**AIM OF THE TASK**
Locate every line in the records below that contains the word "blocks", and copy each one.

**INFORMATION**

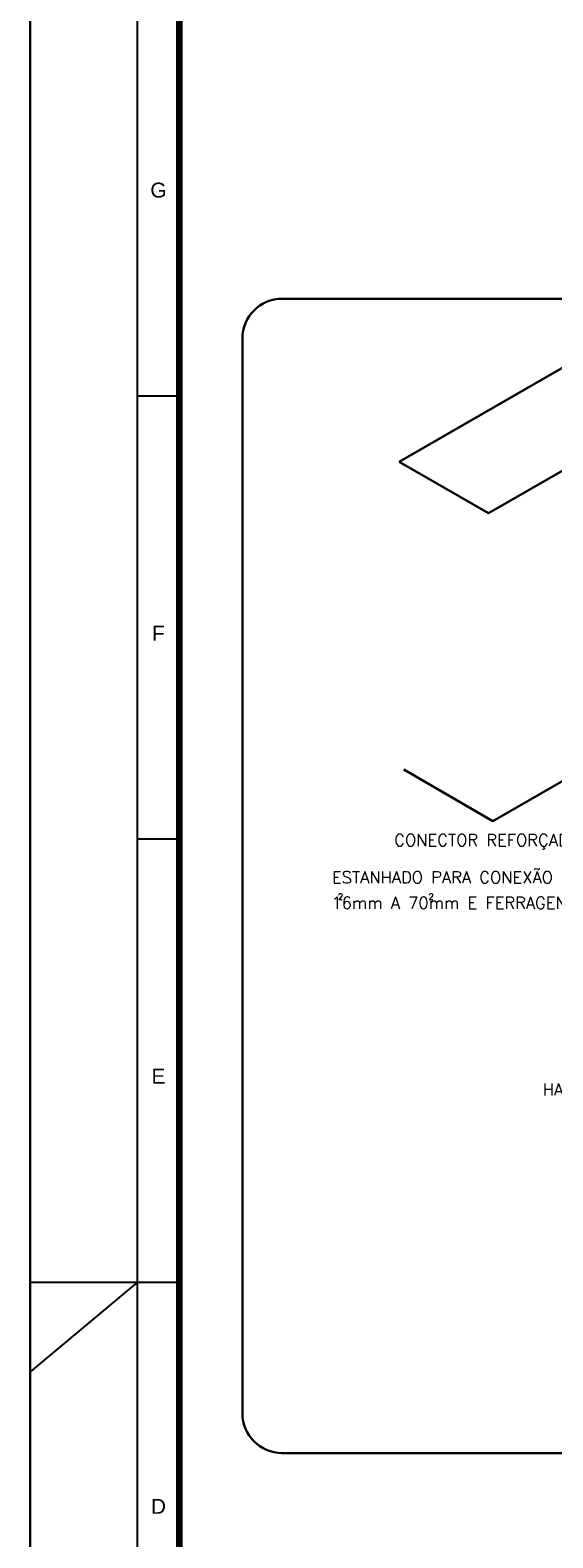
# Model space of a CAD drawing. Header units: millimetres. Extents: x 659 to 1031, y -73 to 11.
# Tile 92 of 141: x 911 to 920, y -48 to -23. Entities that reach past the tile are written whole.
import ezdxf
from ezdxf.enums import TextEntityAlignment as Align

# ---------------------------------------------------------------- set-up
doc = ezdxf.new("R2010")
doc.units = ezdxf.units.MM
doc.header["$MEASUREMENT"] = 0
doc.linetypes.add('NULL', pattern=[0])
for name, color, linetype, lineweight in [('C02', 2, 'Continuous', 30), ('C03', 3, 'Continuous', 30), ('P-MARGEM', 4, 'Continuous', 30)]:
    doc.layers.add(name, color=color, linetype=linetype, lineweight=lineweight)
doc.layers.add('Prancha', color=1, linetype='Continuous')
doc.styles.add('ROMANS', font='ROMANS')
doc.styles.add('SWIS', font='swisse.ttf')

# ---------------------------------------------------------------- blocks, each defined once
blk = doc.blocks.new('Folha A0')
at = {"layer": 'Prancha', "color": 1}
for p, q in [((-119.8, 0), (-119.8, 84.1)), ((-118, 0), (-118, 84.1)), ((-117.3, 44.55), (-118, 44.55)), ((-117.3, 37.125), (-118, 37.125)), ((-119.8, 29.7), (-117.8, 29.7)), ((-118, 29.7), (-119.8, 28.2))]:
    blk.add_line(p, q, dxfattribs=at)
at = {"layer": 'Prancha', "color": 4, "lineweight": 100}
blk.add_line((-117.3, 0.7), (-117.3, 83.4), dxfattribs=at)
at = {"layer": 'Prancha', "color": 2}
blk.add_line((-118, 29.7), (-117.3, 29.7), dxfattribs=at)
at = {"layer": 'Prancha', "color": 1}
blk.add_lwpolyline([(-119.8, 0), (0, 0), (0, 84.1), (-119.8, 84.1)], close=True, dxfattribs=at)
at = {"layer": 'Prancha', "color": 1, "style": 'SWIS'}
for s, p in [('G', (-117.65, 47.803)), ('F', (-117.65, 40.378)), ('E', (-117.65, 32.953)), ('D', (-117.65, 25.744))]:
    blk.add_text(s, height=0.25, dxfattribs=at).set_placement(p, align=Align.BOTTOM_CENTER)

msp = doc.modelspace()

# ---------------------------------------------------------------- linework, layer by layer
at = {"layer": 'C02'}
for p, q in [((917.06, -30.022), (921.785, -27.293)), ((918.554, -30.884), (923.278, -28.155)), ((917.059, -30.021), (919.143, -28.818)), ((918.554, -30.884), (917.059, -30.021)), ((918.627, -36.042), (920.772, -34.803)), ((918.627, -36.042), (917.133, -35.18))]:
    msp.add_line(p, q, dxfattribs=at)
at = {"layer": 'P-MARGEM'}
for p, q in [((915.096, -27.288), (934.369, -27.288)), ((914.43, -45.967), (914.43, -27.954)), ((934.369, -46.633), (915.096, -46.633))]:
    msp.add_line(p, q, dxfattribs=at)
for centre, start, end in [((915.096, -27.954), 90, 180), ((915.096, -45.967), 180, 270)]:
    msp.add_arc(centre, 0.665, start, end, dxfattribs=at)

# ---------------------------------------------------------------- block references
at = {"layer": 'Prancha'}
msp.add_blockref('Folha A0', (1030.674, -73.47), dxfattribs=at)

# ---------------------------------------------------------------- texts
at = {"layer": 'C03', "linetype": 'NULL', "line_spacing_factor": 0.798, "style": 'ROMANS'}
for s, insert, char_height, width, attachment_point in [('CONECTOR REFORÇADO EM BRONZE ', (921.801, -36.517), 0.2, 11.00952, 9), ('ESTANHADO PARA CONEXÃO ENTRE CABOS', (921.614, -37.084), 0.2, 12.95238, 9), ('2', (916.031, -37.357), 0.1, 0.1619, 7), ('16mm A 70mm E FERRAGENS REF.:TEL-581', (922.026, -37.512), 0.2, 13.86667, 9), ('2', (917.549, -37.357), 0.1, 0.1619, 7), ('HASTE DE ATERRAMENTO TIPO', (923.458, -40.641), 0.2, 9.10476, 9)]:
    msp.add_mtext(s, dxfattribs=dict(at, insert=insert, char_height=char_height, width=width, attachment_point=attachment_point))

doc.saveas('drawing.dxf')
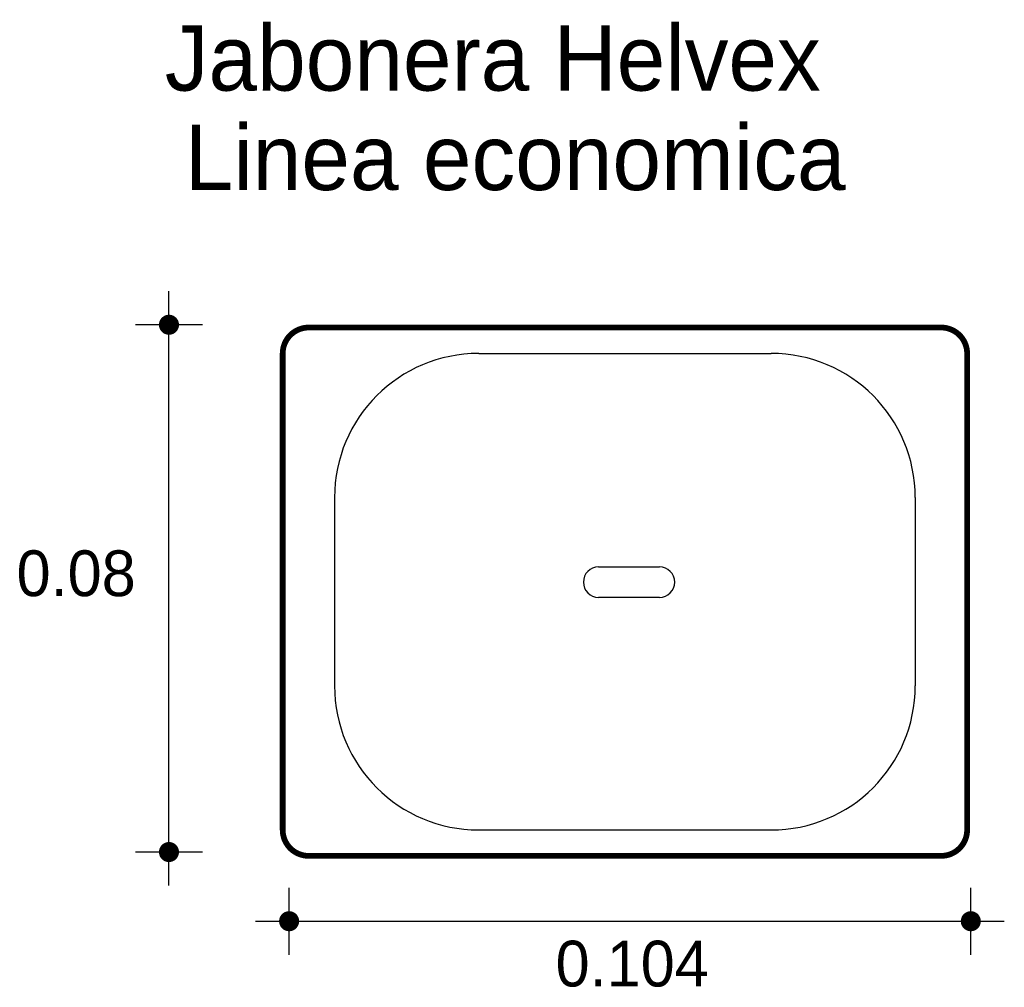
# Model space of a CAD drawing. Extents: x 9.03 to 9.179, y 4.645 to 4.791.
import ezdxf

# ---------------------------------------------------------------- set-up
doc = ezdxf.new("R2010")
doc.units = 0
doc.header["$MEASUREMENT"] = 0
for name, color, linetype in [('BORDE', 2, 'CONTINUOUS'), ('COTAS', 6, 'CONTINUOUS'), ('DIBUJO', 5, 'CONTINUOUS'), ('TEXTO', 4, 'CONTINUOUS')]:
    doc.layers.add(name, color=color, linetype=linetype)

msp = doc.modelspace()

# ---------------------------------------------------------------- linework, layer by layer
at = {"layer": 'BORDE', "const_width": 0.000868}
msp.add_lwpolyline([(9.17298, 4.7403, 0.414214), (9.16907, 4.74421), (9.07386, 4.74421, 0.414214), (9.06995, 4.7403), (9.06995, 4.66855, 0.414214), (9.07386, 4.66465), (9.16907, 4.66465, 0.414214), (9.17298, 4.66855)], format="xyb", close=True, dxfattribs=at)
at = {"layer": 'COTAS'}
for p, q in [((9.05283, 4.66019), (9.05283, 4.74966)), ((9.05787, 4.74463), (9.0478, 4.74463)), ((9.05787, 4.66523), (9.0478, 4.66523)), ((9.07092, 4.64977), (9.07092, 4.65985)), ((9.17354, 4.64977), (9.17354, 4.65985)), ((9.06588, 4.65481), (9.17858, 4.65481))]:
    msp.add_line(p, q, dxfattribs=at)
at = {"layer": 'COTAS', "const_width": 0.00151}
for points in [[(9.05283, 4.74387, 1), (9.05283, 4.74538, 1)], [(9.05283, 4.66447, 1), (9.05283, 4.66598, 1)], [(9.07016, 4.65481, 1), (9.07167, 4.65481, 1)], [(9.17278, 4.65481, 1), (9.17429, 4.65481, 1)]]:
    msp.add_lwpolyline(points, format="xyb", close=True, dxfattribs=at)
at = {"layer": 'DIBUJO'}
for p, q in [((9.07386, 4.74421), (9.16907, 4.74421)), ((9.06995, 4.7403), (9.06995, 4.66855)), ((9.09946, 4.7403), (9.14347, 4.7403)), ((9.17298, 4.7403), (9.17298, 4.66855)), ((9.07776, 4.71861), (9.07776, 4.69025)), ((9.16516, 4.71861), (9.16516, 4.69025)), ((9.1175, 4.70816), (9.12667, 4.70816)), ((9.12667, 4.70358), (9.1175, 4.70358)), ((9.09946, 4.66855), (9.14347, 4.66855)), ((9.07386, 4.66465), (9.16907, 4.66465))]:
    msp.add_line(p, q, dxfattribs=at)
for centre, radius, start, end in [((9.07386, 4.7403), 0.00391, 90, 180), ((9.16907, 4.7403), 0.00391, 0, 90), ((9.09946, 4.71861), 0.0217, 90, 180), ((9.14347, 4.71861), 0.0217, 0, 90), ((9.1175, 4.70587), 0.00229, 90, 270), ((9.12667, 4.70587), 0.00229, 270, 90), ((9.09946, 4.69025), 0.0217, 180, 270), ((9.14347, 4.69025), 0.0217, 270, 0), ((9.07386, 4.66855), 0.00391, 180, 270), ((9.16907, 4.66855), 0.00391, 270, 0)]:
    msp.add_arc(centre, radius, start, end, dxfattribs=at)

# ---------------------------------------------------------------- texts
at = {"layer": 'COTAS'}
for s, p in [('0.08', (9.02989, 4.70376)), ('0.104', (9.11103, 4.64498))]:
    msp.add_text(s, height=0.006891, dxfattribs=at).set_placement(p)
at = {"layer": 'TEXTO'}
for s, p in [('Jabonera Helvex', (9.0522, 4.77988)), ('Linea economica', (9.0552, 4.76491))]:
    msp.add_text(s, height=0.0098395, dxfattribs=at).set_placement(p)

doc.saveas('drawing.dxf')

**SOLUTION**
# ---------------------------------------------------------------- blocks, each defined once
blk = doc.blocks.new('Folha A0')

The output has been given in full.